What REST Gets Wrong for Internal Services

REST sends data as JSON: human-readable text. Parsing JSON is fast enough for most purposes, but at scale - millions of inter-service calls per minute - the CPU time spent serializing and deserializing adds up. JSON has no schema: if a service renames a field, clients break at runtime, not at compile time. JSON has no type system: a number might be an integer or a float, a nullable field might be missing or null, and neither the sender nor receiver knows in advance.

HTTP/1.1, which most REST APIs use, has head-of-line blocking: only one outstanding request per connection. Browsers work around this by opening multiple connections, but microservices doing this reintroduce TCP slow-start overhead. HTTP/2 solves this with multiplexing, but most REST implementations do not enable it.

Finally, REST is request-response: one request, one response, done. If you want to stream a large response or have the server push events, you bolt something on top - chunked transfer, Server-Sent Events, WebSockets - each with its own complexity.

gRPC addresses all of this systematically.

What gRPC Is

gRPC is a Remote Procedure Call framework. The idea is older than REST: instead of thinking about “resources” and “HTTP verbs,” you think about “calling a function on another machine.” The network is hidden behind what looks like a local function call.

gRPC was developed at Google, open-sourced in 2015, and is built on two technologies: Protocol Buffers for serialization and HTTP/2 for transport.

You define your API in a .proto file:

service UserService {
  rpc GetUser (GetUserRequest) returns (User);
  rpc ListUsers (ListUsersRequest) returns (stream User);
}

message GetUserRequest {
  int64 user_id = 1;
}

message User {
  int64 id = 1;
  string name = 2;
  string email = 3;
}

The protoc compiler takes this definition and generates client and server stub code in whatever language you choose - Go, Python, Java, Rust, C++, Node.js, and many others. The generated client code has a GetUser method you call like any local function. The generated server code has an interface you implement. The network, serialization, and HTTP/2 framing are completely invisible.

Protocol Buffers: Schema-First Binary Serialization

Protocol Buffers (protobuf) is Google’s language-neutral, platform-neutral, extensible mechanism for serializing structured data. Unlike JSON, it is binary and schema-first.

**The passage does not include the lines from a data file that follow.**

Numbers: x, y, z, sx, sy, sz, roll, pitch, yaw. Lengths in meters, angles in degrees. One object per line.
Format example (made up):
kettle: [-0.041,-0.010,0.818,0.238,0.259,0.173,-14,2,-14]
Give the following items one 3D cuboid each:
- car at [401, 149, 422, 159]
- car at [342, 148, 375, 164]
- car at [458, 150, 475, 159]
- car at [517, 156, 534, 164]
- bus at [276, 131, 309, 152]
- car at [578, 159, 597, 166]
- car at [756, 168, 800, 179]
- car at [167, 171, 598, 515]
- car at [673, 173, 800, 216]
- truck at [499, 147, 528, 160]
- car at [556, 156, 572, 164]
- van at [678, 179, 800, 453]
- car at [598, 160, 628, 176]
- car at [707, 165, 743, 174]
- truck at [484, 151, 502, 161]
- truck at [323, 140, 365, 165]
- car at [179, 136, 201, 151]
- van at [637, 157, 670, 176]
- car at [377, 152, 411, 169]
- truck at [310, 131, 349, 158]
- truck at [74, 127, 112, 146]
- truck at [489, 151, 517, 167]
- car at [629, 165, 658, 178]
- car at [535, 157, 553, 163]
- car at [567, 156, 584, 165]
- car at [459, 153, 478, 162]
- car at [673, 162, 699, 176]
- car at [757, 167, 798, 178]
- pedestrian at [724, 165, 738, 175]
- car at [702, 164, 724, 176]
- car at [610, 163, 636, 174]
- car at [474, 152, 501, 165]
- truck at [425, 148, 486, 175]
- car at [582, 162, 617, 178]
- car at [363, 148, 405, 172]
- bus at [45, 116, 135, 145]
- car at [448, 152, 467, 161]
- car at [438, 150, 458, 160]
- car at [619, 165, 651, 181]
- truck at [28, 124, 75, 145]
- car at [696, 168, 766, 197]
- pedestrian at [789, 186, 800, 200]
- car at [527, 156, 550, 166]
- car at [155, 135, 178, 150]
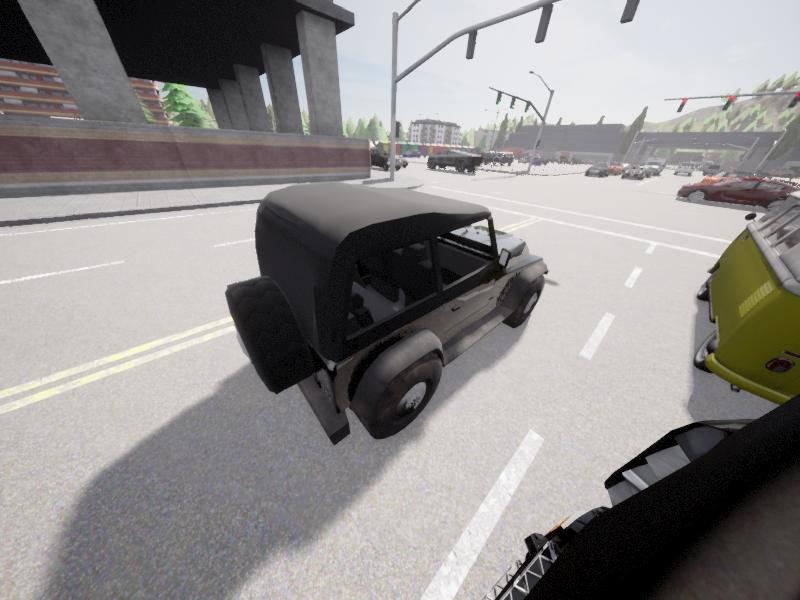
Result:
car: [2.691,-33.627,53.175,4.611,1.667,2.242,-24,42,-35]
car: [-5.933,-20.540,32.877,1.930,1.638,5.238,-25,42,-35]
car: [18.748,-41.008,65.220,4.605,1.855,1.932,-24,42,-35]
car: [29.936,-33.423,55.077,3.806,1.475,1.970,-24,42,-35]
bus: [-28.650,-42.320,61.605,3.944,4.253,10.273,-25,42,-35]
car: [57.004,-41.864,70.150,1.970,1.475,3.806,-24,42,-34]
car: [85.714,-28.857,52.502,2.033,1.649,4.856,-25,42,-35]
car: [0.275,-0.348,2.784,3.866,1.878,1.905,-24,42,-35]
car: [20.184,-6.378,13.663,1.882,1.535,5.008,-25,42,-35]
truck: [41.488,-53.743,84.665,2.891,3.827,8.468,-23,41,-33]
car: [44.850,-38.340,63.194,3.866,1.878,1.905,-24,42,-35]
van: [5.428,-0.143,2.783,4.442,1.987,1.775,-24,42,-35]
car: [32.225,-19.961,34.877,4.553,1.767,2.097,-24,42,-35]
car: [83.869,-33.720,59.792,1.882,1.535,5.008,-5,34,-12]
truck: [24.208,-37.501,60.177,4.478,2.038,2.069,-24,42,-35]
truck: [-7.124,-18.768,29.364,2.627,2.467,5.204,-25,42,-35]
car: [-35.282,-26.260,38.792,1.905,1.878,3.866,-24,42,-35]
van: [41.806,-21.983,38.084,6.366,2.431,2.351,-24,42,-35]
car: [-0.825,-17.112,28.251,1.816,1.474,4.193,-25,42,-35]
truck: [-13.339,-29.263,43.484,2.891,3.827,8.468,-25,42,-35]
truck: [-51.752,-27.613,39.104,2.615,2.467,5.204,-24,42,-35]
truck: [17.531,-23.966,39.264,4.478,2.038,2.069,-24,42,-35]
car: [35.226,-18.568,33.390,4.181,1.385,1.994,-24,42,-35]
car: [38.212,-37.161,61.331,5.357,1.415,2.033,-24,42,-35]
car: [46.715,-37.054,61.393,4.605,1.855,1.932,-24,42,-35]
car: [14.792,-30.849,50.041,3.806,1.475,1.970,-24,42,-35]
car: [52.883,-24.260,42.713,5.566,2.045,2.150,-24,42,-35]
car: [88.500,-30.035,54.284,1.932,1.855,4.605,-25,42,-35]
pedestrian: [71.750,-28.112,50.077,0.751,1.860,0.751,21,38,25]
car: [63.704,-26.523,47.102,3.866,1.878,1.905,-24,42,-35]
car: [37.944,-22.427,39.315,4.792,1.488,2.163,-24,42,-35]
car: [15.567,-25.134,41.046,4.605,1.855,1.932,-24,42,-35]
truck: [6.044,-15.787,26.209,2.390,2.098,6.274,-25,42,-35]
car: [26.359,-17.232,30.468,4.856,1.649,2.033,-24,42,-35]
car: [-1.825,-15.028,24.672,1.932,1.855,4.605,-25,42,-35]
bus: [-65.297,-36.021,49.413,10.273,4.253,3.944,-24,42,-35]
car: [12.887,-32.146,51.793,3.905,1.438,1.784,-24,42,-35]
car: [11.090,-33.481,53.288,4.605,1.855,1.932,-24,42,-35]
car: [29.844,-16.171,29.268,3.806,1.475,1.970,-24,42,-35]
truck: [-54.987,-26.153,36.657,2.615,2.467,5.204,-24,42,-35]
car: [28.544,-10.393,20.173,2.097,1.767,4.553,26,40,30]
pedestrian: [29.400,-8.105,16.402,0.751,1.860,0.751,18,36,21]
car: [28.810,-28.839,47.950,4.611,1.667,2.242,-24,42,-35]
car: [-37.490,-25.264,37.122,1.905,1.878,3.866,-24,42,-35]

Each field has a number (the = 1, = 2 in the example) that is what actually goes on the wire. Field names are not serialized - only numbers. This makes the wire format compact. It also enables backward compatibility: if you add a new field to a message, old clients that don’t know about it simply ignore the unknown field number. If you remove a field, old clients that expected it get the default value (zero, empty string, etc.). As long as you never reuse a field number for a different type, old and new code can interoperate.

The binary format is significantly smaller and faster to parse than JSON. Google’s own benchmarks show protobuf messages typically 3-10x smaller than equivalent JSON, and 20-100x faster to serialize and deserialize. For services making millions of calls per minute, this is meaningful CPU and bandwidth savings.

The schema is also a contract. If a service adds a required field and the client does not send it, the error surfaces at compile time (when you regenerate the client code) or at the schema validation layer - not as a mysterious null pointer exception in production.

HTTP/2: What It Unlocks

gRPC uses HTTP/2 as its transport, and this is not incidental. HTTP/2’s properties are precisely what make gRPC’s capabilities possible.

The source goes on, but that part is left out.